Scenario: An unknown aircraft has flown into Canadian airspace, it is neither responding to ATC radio calls nor is it transmitting Mode C. The ATC radars are only getting intermittent locks. The commanding general orders an intercept and the F-35, on a 5 minute alert, roars off the runway. Within 90 seconds, it has climbed to 55,000 feet. It is receiving datalink information from ground radars and Canadian ATC providing a very clear air picture on the F-35 pilot’s screens, including identified civilian aircraft. The F-35 pilot is vectored into the last known location, about 100 miles north of the airport. He switches on his AN/APG-81 momentarily, on an LPI settting, as the F-35 fuses the radar data with the ground data, Mode C. The non-transmitting unknown aircraft now sticks out like a saw thumb and the pilot can use the flexibility of the F-35 cockpit interface to de-emphasise all confirmed civilian aircraft so he can concentrate on the unknown.

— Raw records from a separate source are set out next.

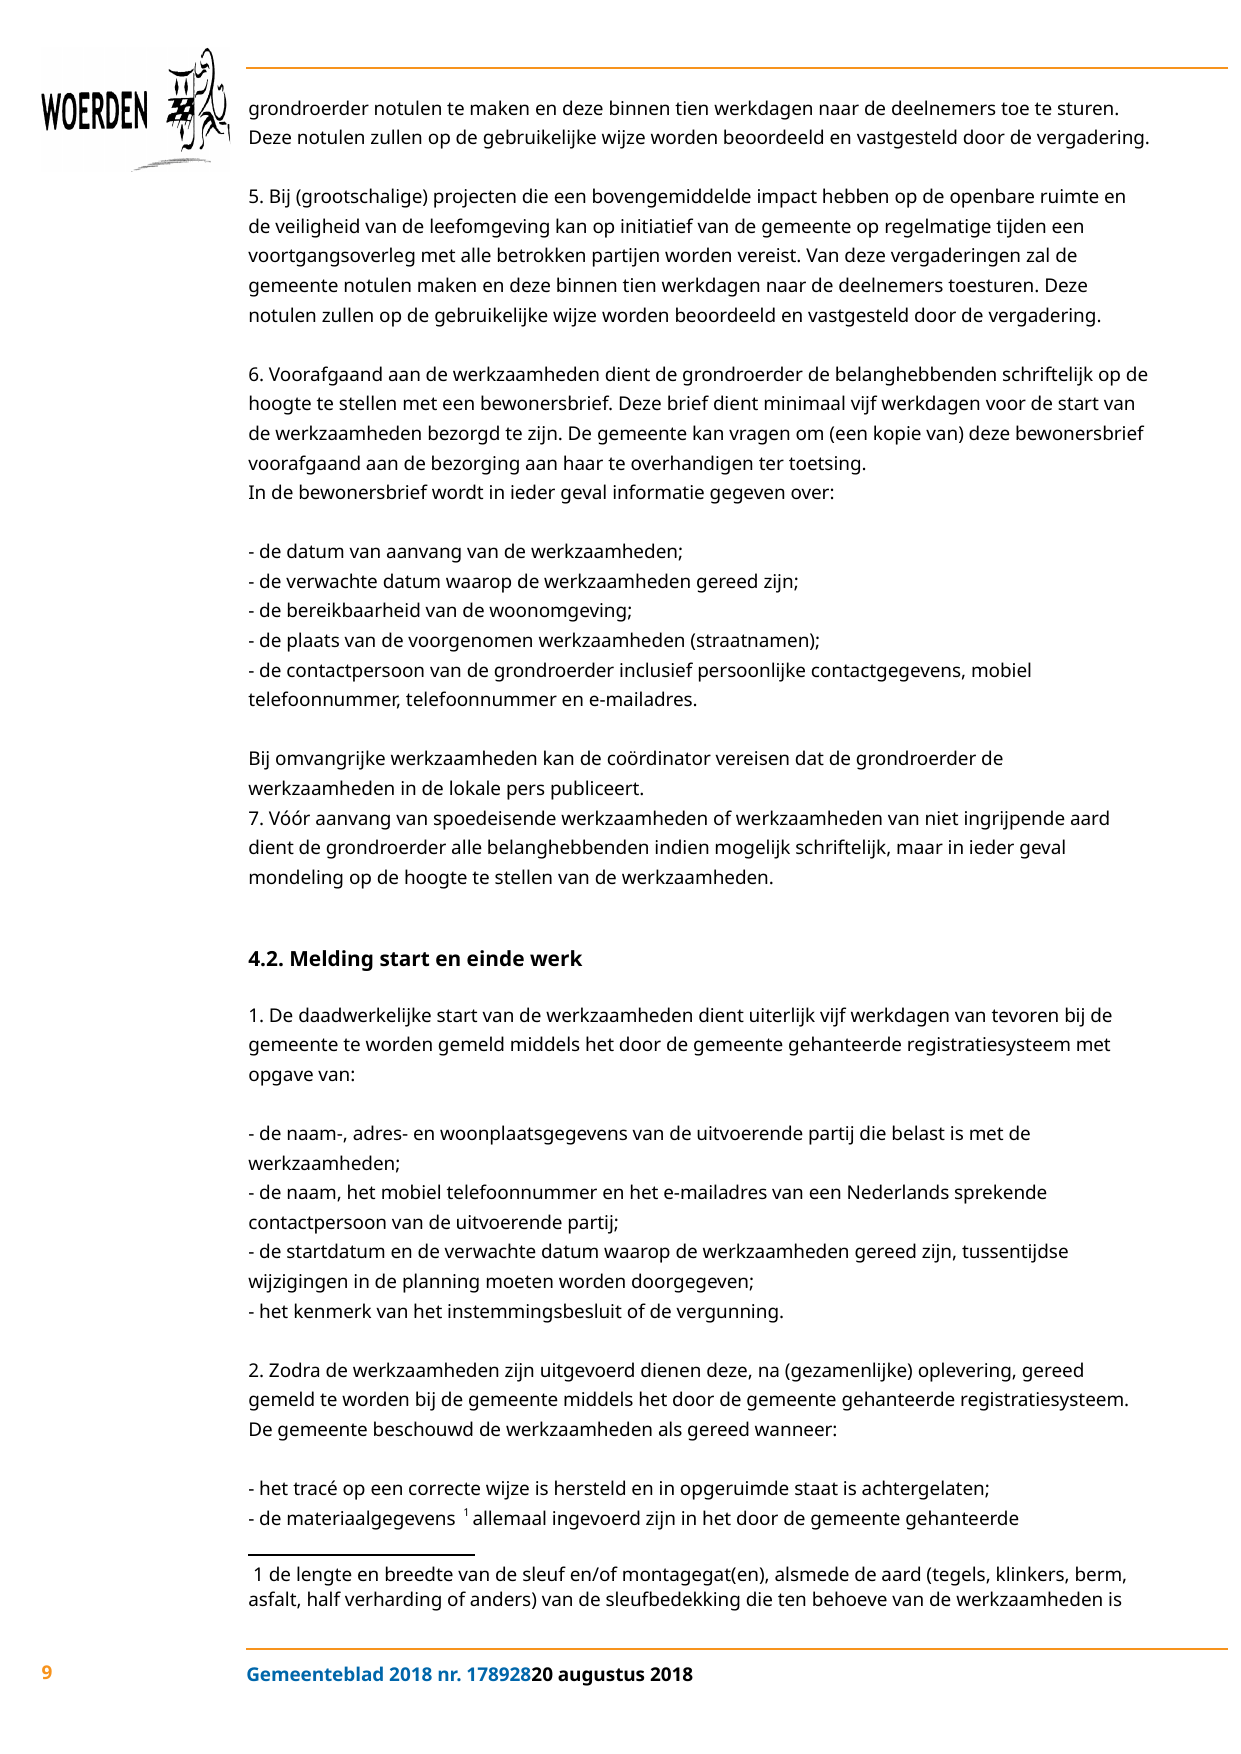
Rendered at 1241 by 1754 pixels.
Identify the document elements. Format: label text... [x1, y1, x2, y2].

text 6. Voorafgaand aan de werkzaamheden dient de grondroerder de belanghebbenden schriftelijk op de hoogte te stellen met een bewonersbrief. Deze brief dient minimaal vijf werkdagen voor de start van de werkzaamheden bezorgd te zijn. De gemeente kan vragen om (een kopie van) deze bewonersbrief voorafgaand aan de bezorging aan haar te overhandigen ter toetsing. [248, 361, 1152, 476]
text 4.2. Melding start en einde werk [248, 944, 1152, 972]
text Bij omvangrijke werkzaamheden kan de coördinator vereisen dat de grondroerder de werkzaamheden in de lokale pers publiceert. [248, 746, 1152, 801]
text de lengte en breedte van de sleuf en/of montagegat(en), alsmede de aard (tegels, klinkers, berm, asfalt, half verharding of anders) van de sleufbedekking die ten behoeve van de werkzaamheden is [248, 1561, 1152, 1612]
text - de startdatum en de verwachte datum waarop de werkzaamheden gereed zijn, tussentijdse wijzigingen in de planning moeten worden doorgegeven; [248, 1239, 1152, 1294]
text - de naam-, adres- en woonplaatsgegevens van de uitvoerende partij die belast is met de werkzaamheden; [248, 1120, 1152, 1176]
text 5. Bij (grootschalige) projecten die een bovengemiddelde impact hebben op de openbare ruimte en de veiligheid van de leefomgeving kan op initiatief van de gemeente op regelmatige tijden een voortgangsoverleg met alle betrokken partijen worden vereist. Van deze vergaderingen zal de gemeente notulen maken en deze binnen tien werkdagen naar de deelnemers toesturen. Deze notulen zullen op de gebruikelijke wijze worden beoordeeld en vastgesteld door de vergadering. [248, 183, 1152, 328]
text In de bewonersbrief wordt in ieder geval informatie gegeven over: [248, 479, 1152, 505]
text grondroerder notulen te maken en deze binnen tien werkdagen naar de deelnemers toe te sturen. Deze notulen zullen op de gebruikelijke wijze worden beoordeeld en vastgesteld door de vergadering. [248, 95, 1152, 150]
text - de datum van aanvang van de werkzaamheden; [248, 538, 1152, 564]
text - de plaats van de voorgenomen werkzaamheden (straatnamen); [248, 627, 1152, 653]
text - de verwachte datum waarop de werkzaamheden gereed zijn; [248, 568, 1152, 594]
text - het kenmerk van het instemmingsbesluit of de vergunning. [248, 1298, 1152, 1323]
text 7. Vóór aanvang van spoedeisende werkzaamheden of werkzaamheden van niet ingrijpende aard dient de grondroerder alle belanghebbenden indien mogelijk schriftelijk, maar in ieder geval mondeling op de hoogte te stellen van de werkzaamheden. [248, 805, 1152, 890]
text - de naam, het mobiel telefoonnummer en het e-mailadres van een Nederlands sprekende contactpersoon van de uitvoerende partij; [248, 1179, 1152, 1235]
picture [41, 47, 231, 172]
text 1. De daadwerkelijke start van de werkzaamheden dient uiterlijk vijf werkdagen van tevoren bij de gemeente te worden gemeld middels het door de gemeente gehanteerde registratiesysteem met opgave van: [248, 1002, 1152, 1087]
text - de contactpersoon van de grondroerder inclusief persoonlijke contactgegevens, mobiel telefoonnummer, telefoonnummer en e-mailadres. [248, 657, 1152, 712]
text - de bereikbaarheid van de woonomgeving; [248, 598, 1152, 623]
text 2. Zodra de werkzaamheden zijn uitgevoerd dienen deze, na (gezamenlijke) oplevering, gereed gemeld te worden bij de gemeente middels het door de gemeente gehanteerde registratiesysteem. De gemeente beschouwd de werkzaamheden als gereed wanneer: [248, 1357, 1152, 1442]
text - de materiaalgegevens allemaal ingevoerd zijn in het door de gemeente gehanteerde [248, 1505, 1152, 1531]
text - het tracé op een correcte wijze is hersteld en in opgeruimde staat is achtergelaten; [248, 1475, 1152, 1501]

The brief burst of radar from the AN/APG-81 provided airspeed, altitude and heading information, permitting the DAS to note and mark the large infrared signature coming from the unknown aircraft, even if it’s only a blob of pixels right now. As the pilot doesn’t know what he’s dealing with, he proceeds cautiously as if it could have been a hostile fighter. The pilot uses the DAS data to fly a direct, rather than lead, intercept course. He would like to identify it but is still too far away. He descends to 32,000 feet, slows slightly and now at around 65 nautical miles out, he slaves the EOTS to the DAS-marked aircraft. With the high-fidelity IR camera in the EOTS, he gets a superb view of the unknown aircraft. It’s a Learjet, and he can see a stream of warm jet fuel trailing from one of its nacelles. This obviously being a civilian aircraft, he reports back to base and is ordered to proceed at full mach 1.6 to the aircraft.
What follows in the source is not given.